Timo wrote:AD, you seem to be the communal punching bag on this thread of late. Sorry about that. I don't get the sense that anyone fundamentally disagrees with what you're implying, but then again, i'm not Pops. My point is all about the time necessary to accomplish what we both agree is ncessary to change course. Given unlimited time, sure, common sense and reason might end up winning the day. On the other hand, look at the history of Christianity. Over the past 2000+ years, sure, it has affected billions of peoples lives, and provided guidance to every Christian according to the dictates of some deity. However, how many Christian denominations are there today? How many new denominations spring up every day, just to get the tax breaks on property and income? How many denominations disagree with the others regarding what the Word of God actually is? Ditto for the factions of Islam. Over the thousands of years since the creation of organized religion, there is still zero global concensus about anything. We still have wars over seemingly petty ideologies, killing tens of thousands of people every year. People will believe what they want to believe. End of story. Spending any amount of time trying to convince everyone on earth that the world is going to end if they don't change their ways will have the same effect as telling them they're going to Hell if they don't change their ways. There is no practical difference. Actually, faith has more power over peoples emotions than science.
Go Pope Francis!
Pops wrote:americandream wrote:I think its hardly a good argument to suggest that folks walked into banks blithly unaware of their paying ability.
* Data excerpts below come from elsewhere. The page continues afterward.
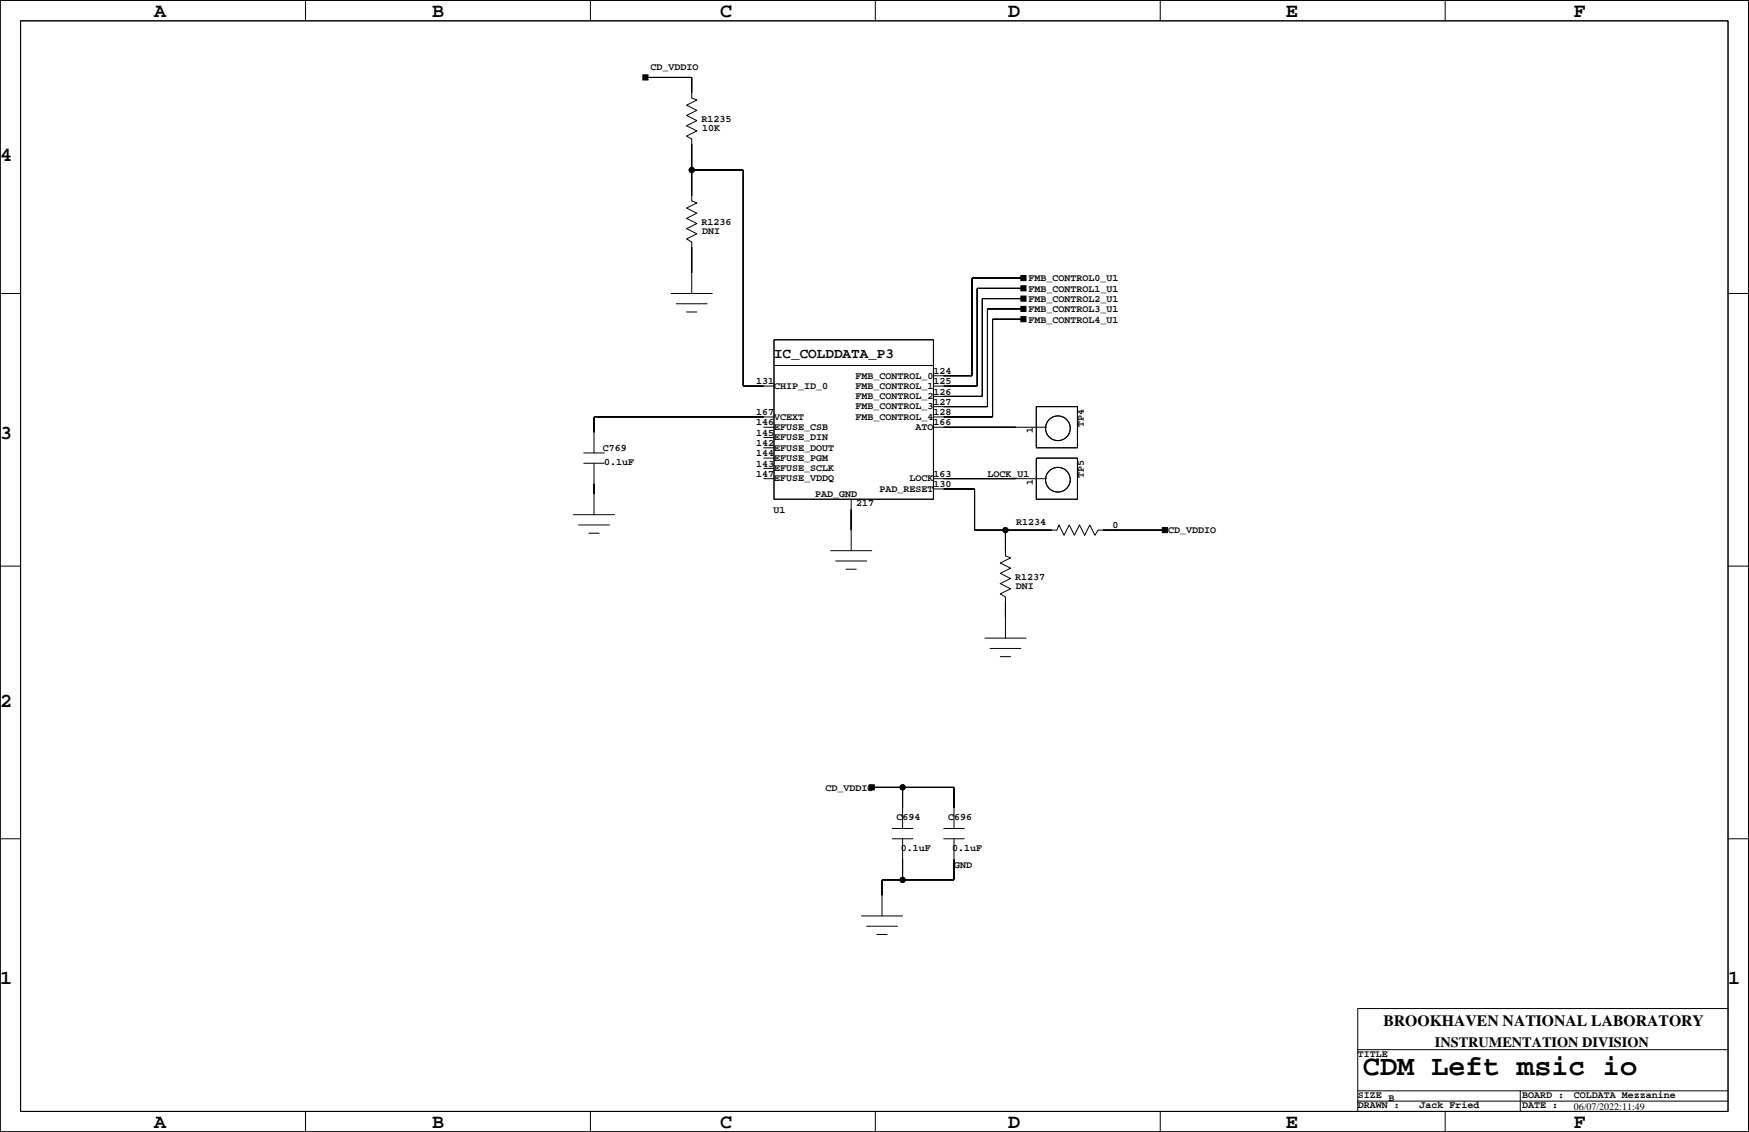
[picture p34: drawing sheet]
<svg xmlns="http://www.w3.org/2000/svg" width="432mm" height="279mm" viewBox="0 0 432 279" stroke-linecap="round" stroke-linejoin="round" font-family="sans-serif">
<defs><g id="words">
<text font-size="7.1" x="336.5" y="265.3">CDM Left msic io</text>
<g font-size="4.9">
<text x="38.1" y="4.3">A</text>
<text x="106.7" y="4.3">B</text>
<text x="177.8" y="4.3">C</text>
<text x="248.9" y="4.3">D</text>
<text x="317.4" y="4.3">E</text>
<text x="388.5" y="4.3">F</text>
<text x="0" y="39.8">4</text>
<text x="0" y="108.4">3</text>
<text x="0" y="174.4">2</text>
<text x="0" y="243">1</text>
<text x="426.6" y="243">1</text>
<text x="38.1" y="278.5">A</text>
<text x="106.7" y="278.5">B</text>
<text x="177.8" y="278.5">C</text>
<text x="248.9" y="278.5">D</text>
<text x="317.4" y="278.5">E</text>
<text x="388.5" y="278.5">F</text>
</g>
<text font-size="3.9" x="341.6" y="253.3">BROOKHAVEN NATIONAL LABORATORY</text>
<g font-size="3.5">
<text x="191.1" y="88.3">IC_COLDDATA_P3</text>
<text x="354.2" y="258.5">INSTRUMENTATION DIVISION</text>
</g>
<g font-size="2.5">
<text x="160.6" y="17.4">CD_VDDIO</text>
<text x="173.2" y="30.1">R1235</text>
<text x="173.3" y="32.3">10K</text>
<text x="173.2" y="55.5">R1236</text>
<text x="173.3" y="57.7">DNI</text>
<text x="253.9" y="69.5">FMB_CONTROL0_U1</text>
<text x="253.9" y="72">FMB_CONTROL1_U1</text>
<text x="253.9" y="74.5">FMB_CONTROL2_U1</text>
<text x="253.9" y="77.1">FMB_CONTROL3_U1</text>
<text x="253.9" y="79.6">FMB_CONTROL4_U1</text>
<text x="186.6" y="94.9">131</text>
<text x="191.1" y="96">CHIP_ID_0</text>
<text x="211.2" y="93.4">FMB_CONTROL_0</text>
<text x="211.2" y="96">FMB_CONTROL_1</text>
<text x="230.5" y="94.9">125</text>
<text x="230.5" y="92.3">124</text>
<text x="211.2" y="98.5">FMB_CONTROL_2</text>
<text x="211.2" y="101.1">FMB_CONTROL_3</text>
<text x="230.5" y="99.9">127</text>
<text x="230.5" y="97.4">126</text>
<text x="186.6" y="107.5">145</text>
<text x="186.6" y="105">146</text>
<text x="186.6" y="102.5">167</text>
<text x="191.1" y="103.6">VCEXT</text>
<text x="191.1" y="106.1">EFUSE_CSB</text>
<text x="211.2" y="103.6">FMB_CONTROL_4</text>
<text x="226" y="106.1">ATO</text>
<text x="230.5" y="102.5">128</text>
<text x="230.5" y="105">166</text>
<text x="255" y="106.9" transform="rotate(-90 255 106.9)">1</text>
<text x="267.6" y="105.3" transform="rotate(-90 267.6 105.3)">TP4</text>
<text x="148.8" y="111.4">C769</text>
<text x="186.6" y="112.6">144</text>
<text x="186.6" y="110.1">142</text>
<text x="191.1" y="108.7">EFUSE_DIN</text>
<text x="191.1" y="111.2">EFUSE_DOUT</text>
<text x="191.1" y="113.8">EFUSE_PGM</text>
<text x="149.2" y="114.8">0.1uF</text>
<text x="186.6" y="117.7">147</text>
<text x="186.6" y="115.2">143</text>
<text x="191.1" y="116.3">EFUSE_SCLK</text>
<text x="191.1" y="118.8">EFUSE_VDDQ</text>
<text x="224.5" y="118.8">LOCK</text>
<text x="230.5" y="117.7">163</text>
<text x="243.8" y="117.7">LOCK_U1</text>
<text x="255" y="119.6" transform="rotate(-90 255 119.6)">1</text>
<text x="267.6" y="118" transform="rotate(-90 267.6 118)">TP5</text>
<text x="201.2" y="122.6">PAD_GND</text>
<text x="211.4" y="125">217</text>
<text x="217.1" y="121.4">PAD_RESET</text>
<text x="230.5" y="120.2">130</text>
<text x="191" y="126.6">U1</text>
<text x="250.9" y="129.5">R1234</text>
<text x="274.7" y="130.4">0</text>
<text x="288.4" y="131.7">CD_VDDIO</text>
<text x="250.6" y="143.1">R1237</text>
<text x="250.8" y="145.3">DNI</text>
<text x="203.8" y="195.2">CD_VDDIO</text>
<text x="221.4" y="202.4">C694</text>
<text x="234" y="202.4">C696</text>
<text x="222.4" y="210">0.1uF</text>
<text x="235.1" y="210">0.1uF</text>
<text x="235.5" y="214.2">GND</text>
<text x="335.2" y="260.8">TITLE</text>
<text x="335.2" y="271">SIZE</text>
<text x="335.2" y="273.5">DRAWN :</text>
<text x="342.8" y="271.9">B</text>
<text x="350.4" y="273.5">Jack Fried</text>
<text x="375.8" y="273.5">DATE :</text>
<text x="375.8" y="271">BOARD :</text>
<text x="388.5" y="271">COLDATA Mezzanine</text>
<text x="388.5" y="273.9">06/07/2022:11:49</text>
</g>
</g></defs>
<g fill="none" stroke="#000" stroke-width=".25">
<path d="M0 .1h431.7v279.3h-431.7zM5.1 5.1h421.5v269.2h-421.5zM75.4 .1v5M145.8 .1v5M159.3 19.1h11.5v5.1l1.2 .5-2.5 1.3 2.5 1.2-2.5 1.3 2.5 1.3-2.5 1.2 2.5 1.3-2.5 1.3 1.3 .7v15.3l1.2 .5-2.5 1.3 2.5 1.2-2.5 1.3 2.5 1.3-2.5 1.2 2.5 1.3-2.5 1.3 1.3 .7v12.7M216.1 .1v5M286.4 .1v5M356.8 .1v5M170.8 42h12.7v53.3h7.6M0 72.4h5.1M165.7 72.4h10.2M167 75h7.6"/>
<path d="M169.5 77h2.5M252.7 71.2h-11.5v24.1h-10.7M252.7 78.8h-7.6v24.1h-14.6M252.7 68.6h-12.7v24.2h-9.5M252.7 73.7h-10.2v24.1h-12M252.7 76.2h-8.9v24.2h-13.3M426.6 72.4h5.1M191.1 90.2h39.4v33h-39.4zM191.1 83.9h39.4v6.3h-39.4zM144.1 114.3h5.1M144.1 111.8h5.1M146.7 114.3v12.7"/>
<path d="M188.6 105.4h2.5M188.6 118.1h2.5M188.6 108h2.5M188.6 110.5h2.5M188.6 113.1h2.5M188.6 115.6h2.5M191.1 102.9h-44.4v8.9M230.5 105.4h27.9M230.5 118.1h27.9M255.8 100.4h10.2v10.1h-10.2zM255.8 113.1h10.2v10.1h-10.2zM0 139.7h5.1"/>
<path d="M141.6 127h10.1M142.8 129.6h7.7M145.4 131.6h2.5M205.1 135.9h10.1M206.3 138.5h7.6M210.1 123.2v12.7M230.5 120.7h10.1v10.1h20.3l.5-1.2 1.3 2.5 1.3-2.5 1.2 2.5 1.3-2.5 1.3 2.5 1.3-2.5 1.2 2.5 .8-1.3h16.5M248.2 130.8v6.4l1.3 .5-2.5 1.3 2.5 1.2-2.5 1.3 2.5 1.3-2.5 1.2 2.5 1.3-2.5 1.3 1.2 .7v10.2M426.6 139.7h5.1M208.9 140.5h2.5M243.1 157.5h10.2M244.4 160h7.6"/>
<path d="M247 162.1h2.5M215.2 194.3h20.3v10.2M222.8 194.3v10.2M0 207h5.1M220.3 207h5.1M220.3 204.5h5.1M222.8 207v10.2M233 207h5.1M233 204.5h5.1M235.5 207v10.2h-17.7v8.9M426.6 207h5.1M212.7 226.1h10.1"/>
<path d="M213.9 228.6h7.7M216.5 230.6h2.5M335.2 259.1h91.4M426.6 248.9h-91.4v25.4M75.4 274.3v5.1M145.8 274.3v5.1M216.1 274.3v5.1M286.4 274.3v5.1M335.2 269.2h91.4M335.2 271.8h91.4M356.8 274.3v5.1M375.3 269.2v5.1"/>
<circle cx="170.8" cy="42" r=".63"/>
<circle cx="261.2" cy="118.4" r="3"/>
<circle cx="261.2" cy="105.7" r="3"/>
<circle cx="248.2" cy="130.8" r=".63"/>
<circle cx="222.8" cy="194.3" r=".63"/>
<circle cx="222.8" cy="217.2" r=".63"/>
</g>
<g fill="#000" stroke="#000" stroke-width=".25">
<path d="M158.7 18.5h1.3v1.2h-1.3z" fill-rule="evenodd"/>
<path d="M170.8 19.1v3.8z" fill-rule="evenodd"/>
<path d="M159.3 19.1h11.5z" fill-rule="evenodd"/>
<path d="M170.8 35.6v6.4z" fill-rule="evenodd"/>
<path d="M170.8 42v6.3z" fill-rule="evenodd"/>
<path d="M170.8 42h12.7z" fill-rule="evenodd"/>
<path d="M183.5 42v53.3z" fill-rule="evenodd"/>
<path d="M170.8 61v6.4z" fill-rule="evenodd"/>
<path d="M240 68.6v24.2z" fill-rule="evenodd"/>
<path d="M241.2 71.2v24.1z" fill-rule="evenodd"/>
<path d="M242.5 73.7v24.1z" fill-rule="evenodd"/>
<path d="M243.8 76.2v24.2z" fill-rule="evenodd"/>
<path d="M245.1 78.8v24.1z" fill-rule="evenodd"/>
<path d="M252 68h1.3v1.3h-1.3z" fill-rule="evenodd"/>
<path d="M252 70.5h1.3v1.3h-1.3z" fill-rule="evenodd"/>
<path d="M252 73.1h1.3v1.2h-1.3z" fill-rule="evenodd"/>
<path d="M252 75.6h1.3v1.3h-1.3z" fill-rule="evenodd"/>
<path d="M252 78.2h1.3v1.2h-1.3z" fill-rule="evenodd"/>
<path d="M240 68.6h12.7z" fill-rule="evenodd"/>
<path d="M241.2 71.2h11.5z" fill-rule="evenodd"/>
<path d="M242.5 73.7h10.2z" fill-rule="evenodd"/>
<path d="M243.8 76.2h8.9z" fill-rule="evenodd"/>
<path d="M245.1 78.8h7.6z" fill-rule="evenodd"/>
<path d="M183.5 95.3h5.1z" fill-rule="evenodd"/>
<path d="M233 92.8h7z" fill-rule="evenodd"/>
<path d="M233 95.3h8.2z" fill-rule="evenodd"/>
<path d="M233 97.8h9.5z" fill-rule="evenodd"/>
<path d="M146.7 102.9v3.8z" fill-rule="evenodd"/>
<path d="M146.7 119.4v2.6z" fill-rule="evenodd"/>
<path d="M146.7 102.9h41.9z" fill-rule="evenodd"/>
<path d="M233 100.4h10.8z" fill-rule="evenodd"/>
<path d="M233 102.9h12.1z" fill-rule="evenodd"/>
<path d="M233 105.4h17.8z" fill-rule="evenodd"/>
<path d="M233 118.1h17.8z" fill-rule="evenodd"/>
<path d="M210.1 125.8v5z" fill-rule="evenodd"/>
<path d="M240.6 120.7v10.1z" fill-rule="evenodd"/>
<path d="M233 120.7h7.6z" fill-rule="evenodd"/>
<path d="M240.6 130.8h7.6z" fill-rule="evenodd"/>
<path d="M248.2 130.8v5.1z" fill-rule="evenodd"/>
<path d="M248.2 130.8h11.5z" fill-rule="evenodd"/>
<path d="M287 130.2h1.2v1.3h-1.2z" fill-rule="evenodd"/>
<path d="M272.4 130.8h15.2z" fill-rule="evenodd"/>
<path d="M248.2 148.6v3.8z" fill-rule="evenodd"/>
<path d="M214.6 193.7h1.3v1.3h-1.3z" fill-rule="evenodd"/>
<path d="M222.8 194.3v5.1z" fill-rule="evenodd"/>
<path d="M215.2 194.3h7.6z" fill-rule="evenodd"/>
<path d="M222.8 194.3h12.7z" fill-rule="evenodd"/>
<path d="M235.5 194.3v5.1z" fill-rule="evenodd"/>
<path d="M217.8 217.2v3.8z" fill-rule="evenodd"/>
<path d="M217.8 217.2h5z" fill-rule="evenodd"/>
<path d="M222.8 212.1v5.1z" fill-rule="evenodd"/>
<path d="M222.8 217.2h12.7z" fill-rule="evenodd"/>
<path d="M235.5 212.1v5.1z" fill-rule="evenodd"/>
<circle cx="170.8" cy="42" r=".63"/>
<circle cx="248.2" cy="130.8" r=".63"/>
<circle cx="222.8" cy="194.3" r=".63"/>
<circle cx="222.8" cy="217.2" r=".63"/>
</g>
<use href="#words"/>
</svg>

no, no, my argument is they chose to believe in spite of what they knew logically. From the lowliest "no qualifying" ARM borrower to the guy at AIG insuring all those trances and every broker, appraiser and loan officer in between.
But yeah, any time there is investment there will be over investment, the problem we are encountering, which onlooker didn't mention but which is the problem with central banking at the moment, is the lever pullers think they have complete control and can avoid the deflation necessary to purge the nastiness of over investment without their constituents, the investors, getting hurt.
In my opinion.
americandream wrote:Capitalism as with all systems is a function of objective forces so in essence, its something of a conundrum as far as normative notions go.